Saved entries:
▼

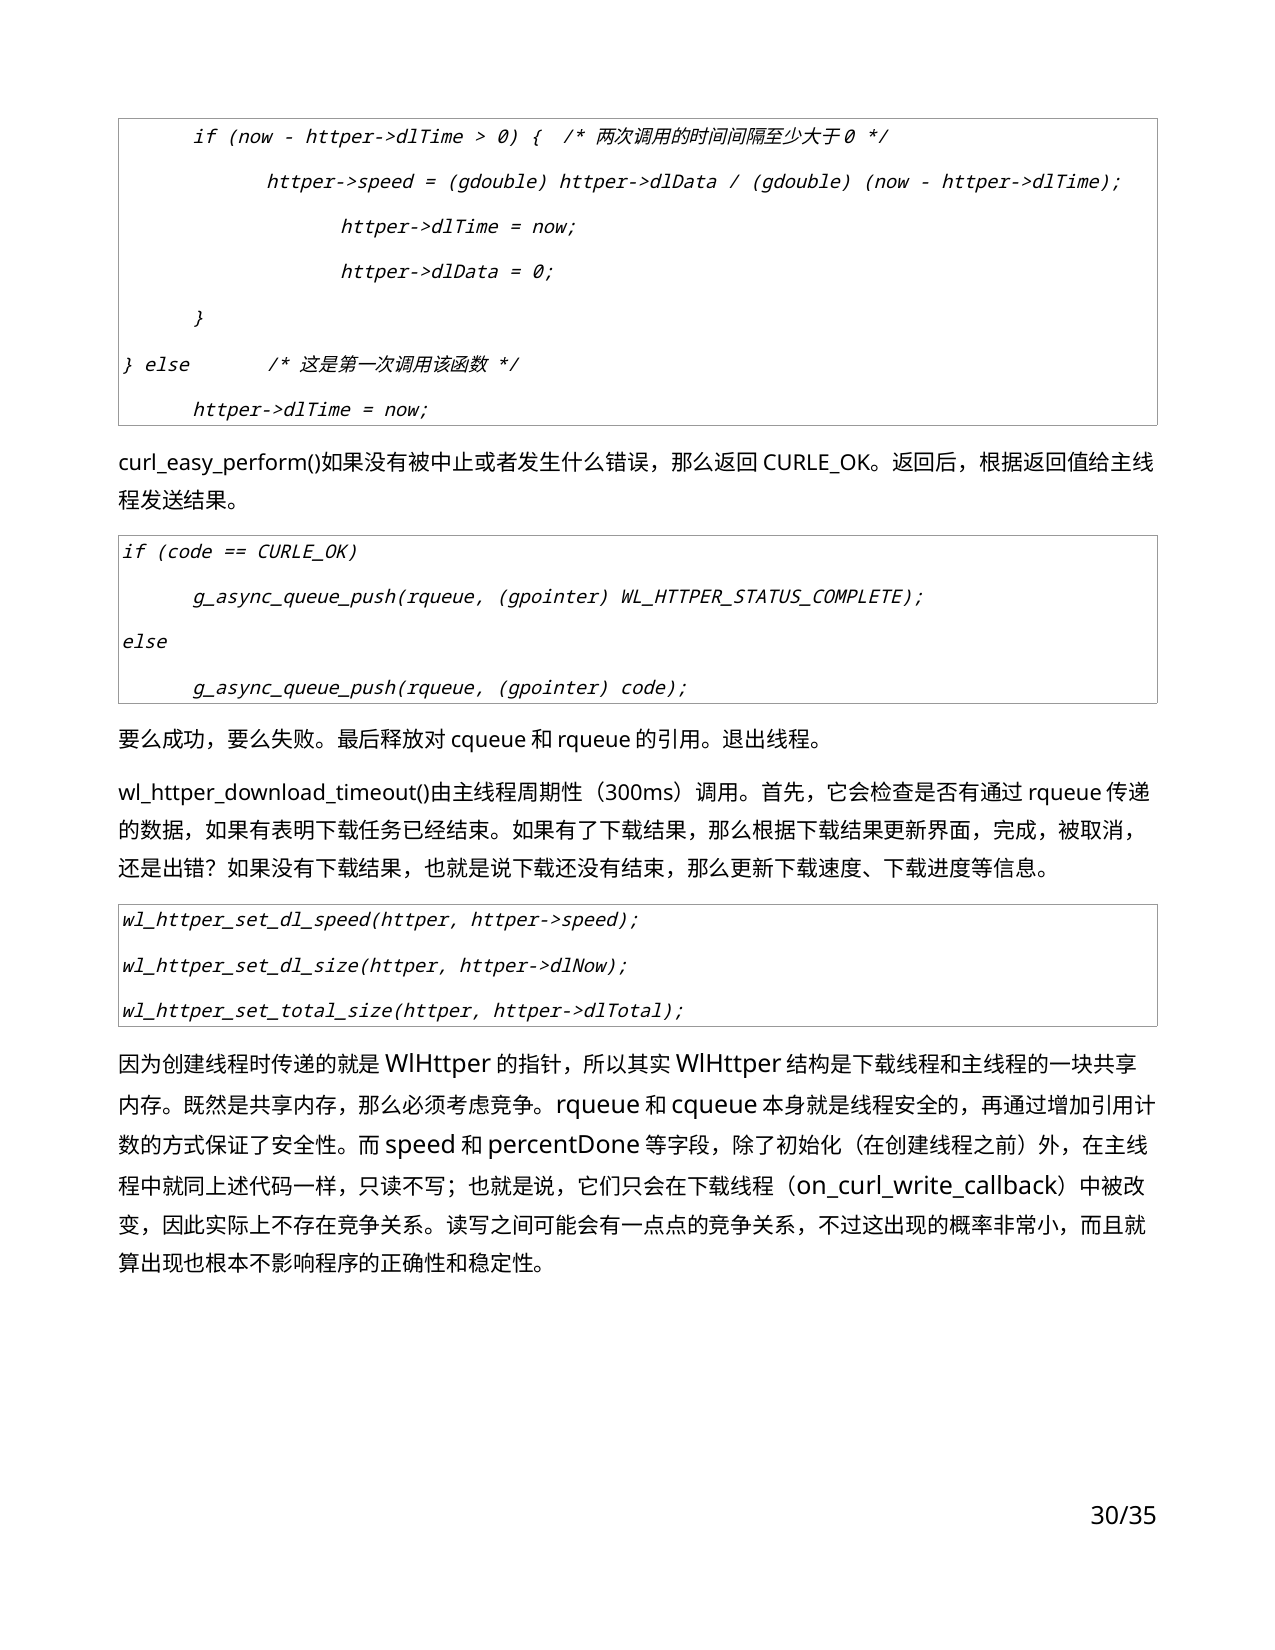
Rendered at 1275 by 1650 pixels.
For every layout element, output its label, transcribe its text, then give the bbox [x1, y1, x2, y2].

text } [119, 301, 1157, 329]
text wl_httper_download_timeout()由主线程周期性（300ms）调用。首先，它会检查是否有通过rqueue传递的数据，如果有表明下载任务已经结束。如果有了下载结果，那么根据下载结果更新界面，完成，被取消，还是出错？如果没有下载结果，也就是说下载还没有结束，那么更新下载速度、下载进度等信息。 [118, 775, 1157, 883]
text wl_httper_set_dl_speed(httper, httper->speed); [119, 905, 1157, 932]
text httper->dlTime = now; [119, 211, 1157, 239]
text if (now - httper->dlTime > 0) { /* 两次调用的时间间隔至少大于0 */ [119, 119, 1157, 148]
text 因为创建线程时传递的就是WlHttper的指针，所以其实WlHttper结构是下载线程和主线程的一块共享内存。既然是共享内存，那么必须考虑竞争。rqueue和cqueue本身就是线程安全的，再通过增加引用计数的方式保证了安全性。而speed和percentDone等字段，除了初始化（在创建线程之前）外，在主线程中就同上述代码一样，只读不写；也就是说，它们只会在下载线程（on_curl_write_callback）中被改变，因此实际上不存在竞争关系。读写之间可能会有一点点的竞争关系，不过这出现的概率非常小，而且就算出现也根本不影响程序的正确性和稳定性。 [118, 1045, 1157, 1278]
text wl_httper_set_total_size(httper, httper->dlTotal); [119, 994, 1157, 1026]
text 要么成功，要么失败。最后释放对cqueue和rqueue的引用。退出线程。 [118, 722, 1157, 754]
text wl_httper_set_dl_size(httper, httper->dlNow); [119, 949, 1157, 977]
text g_async_queue_push(rqueue, (gpointer) code); [119, 671, 1157, 703]
text if (code == CURLE_OK) [119, 536, 1157, 564]
text } else /* 这是第一次调用该函数 */ [119, 346, 1157, 376]
text httper->speed = (gdouble) httper->dlData / (gdouble) (now - httper->dlTime); [119, 165, 1157, 194]
text curl_easy_perform()如果没有被中止或者发生什么错误，那么返回CURLE_OK。返回后，根据返回值给主线程发送结果。 [118, 445, 1157, 514]
text else [119, 626, 1157, 654]
text httper->dlTime = now; [119, 393, 1157, 425]
text httper->dlData = 0; [119, 256, 1157, 284]
text g_async_queue_push(rqueue, (gpointer) WL_HTTPER_STATUS_COMPLETE); [119, 581, 1157, 609]
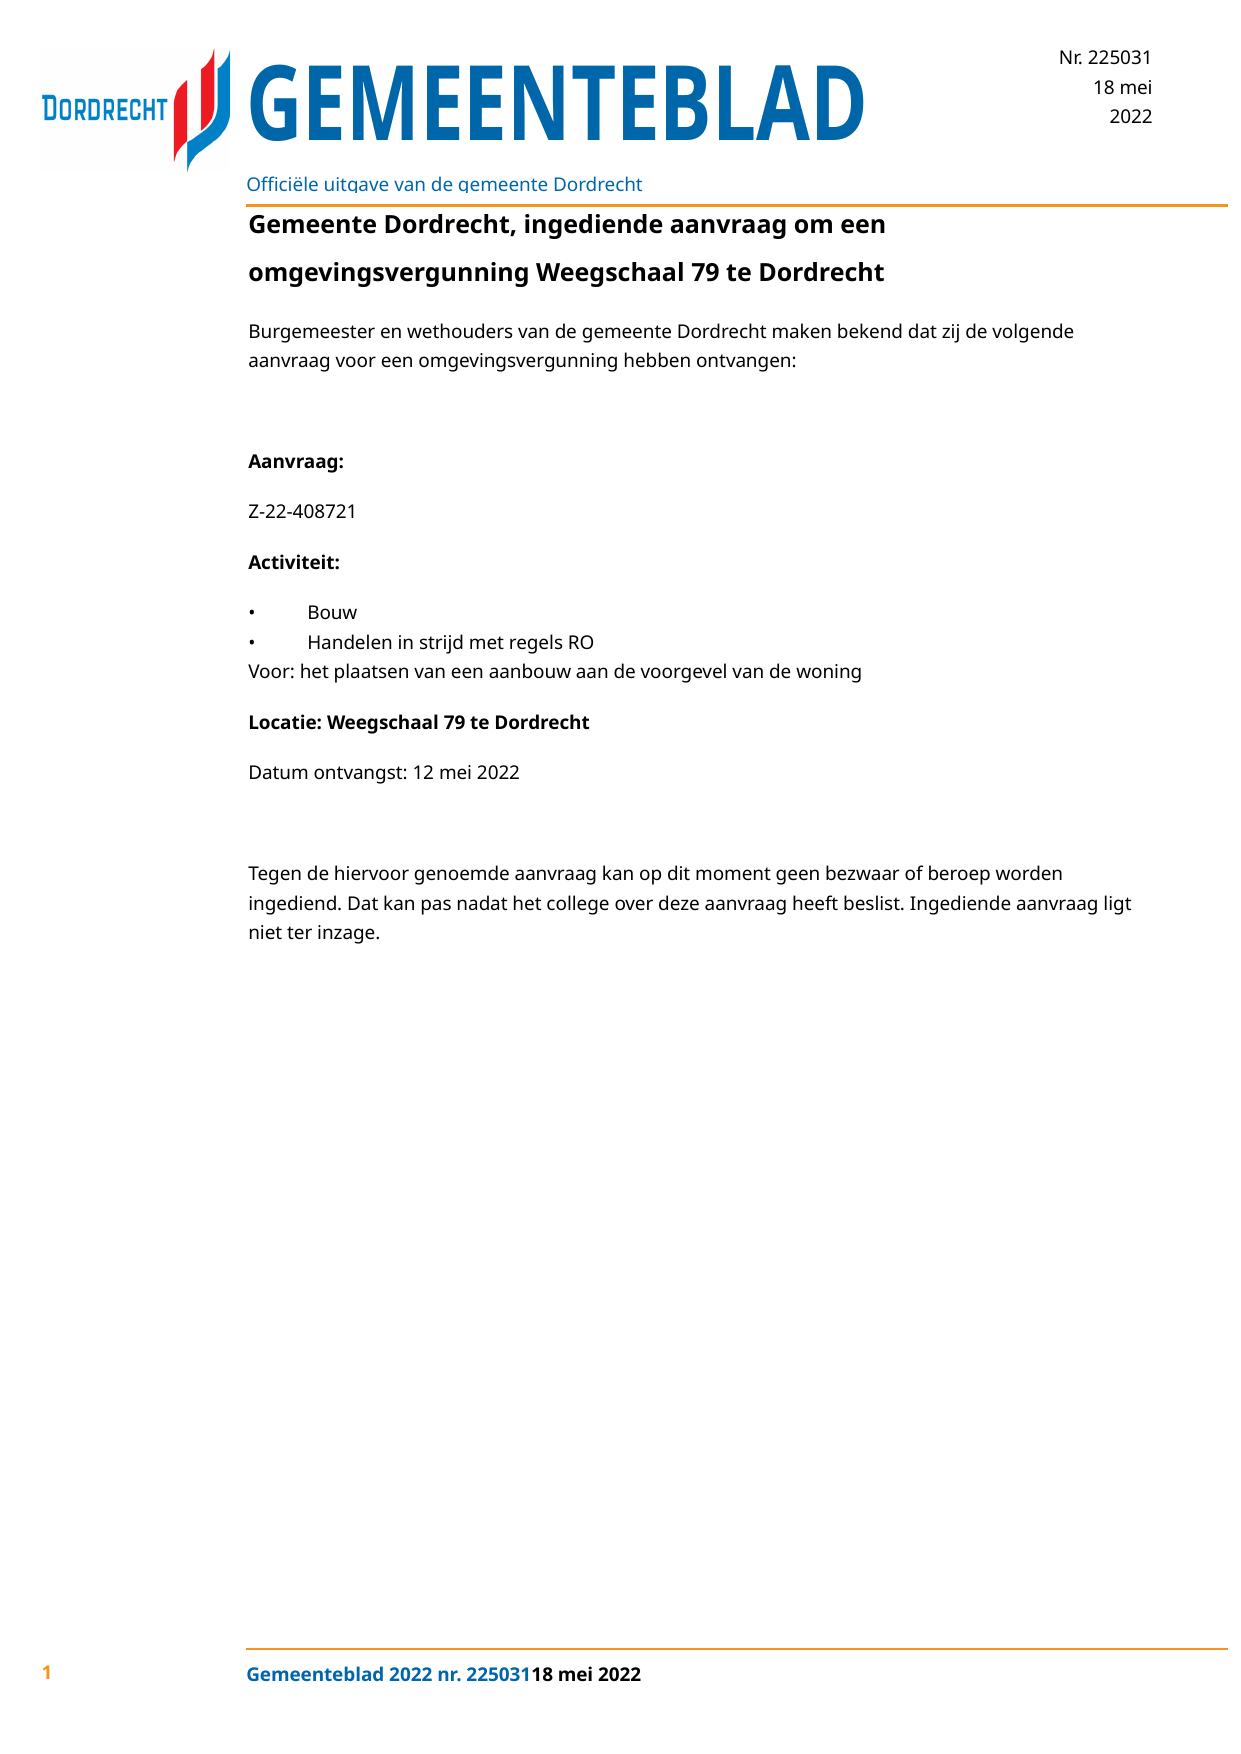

▲

• [What to produce]:
Look through the data above. Each line containing the word "dlTime" needs to be copied.

• [Solved exercise]:
text httper->dlTime = now; [119, 211, 1157, 239]
text if (now - httper->dlTime > 0) { /* 两次调用的时间间隔至少大于0 */ [119, 119, 1157, 148]
text httper->speed = (gdouble) httper->dlData / (gdouble) (now - httper->dlTime); [119, 165, 1157, 194]
text httper->dlTime = now; [119, 393, 1157, 425]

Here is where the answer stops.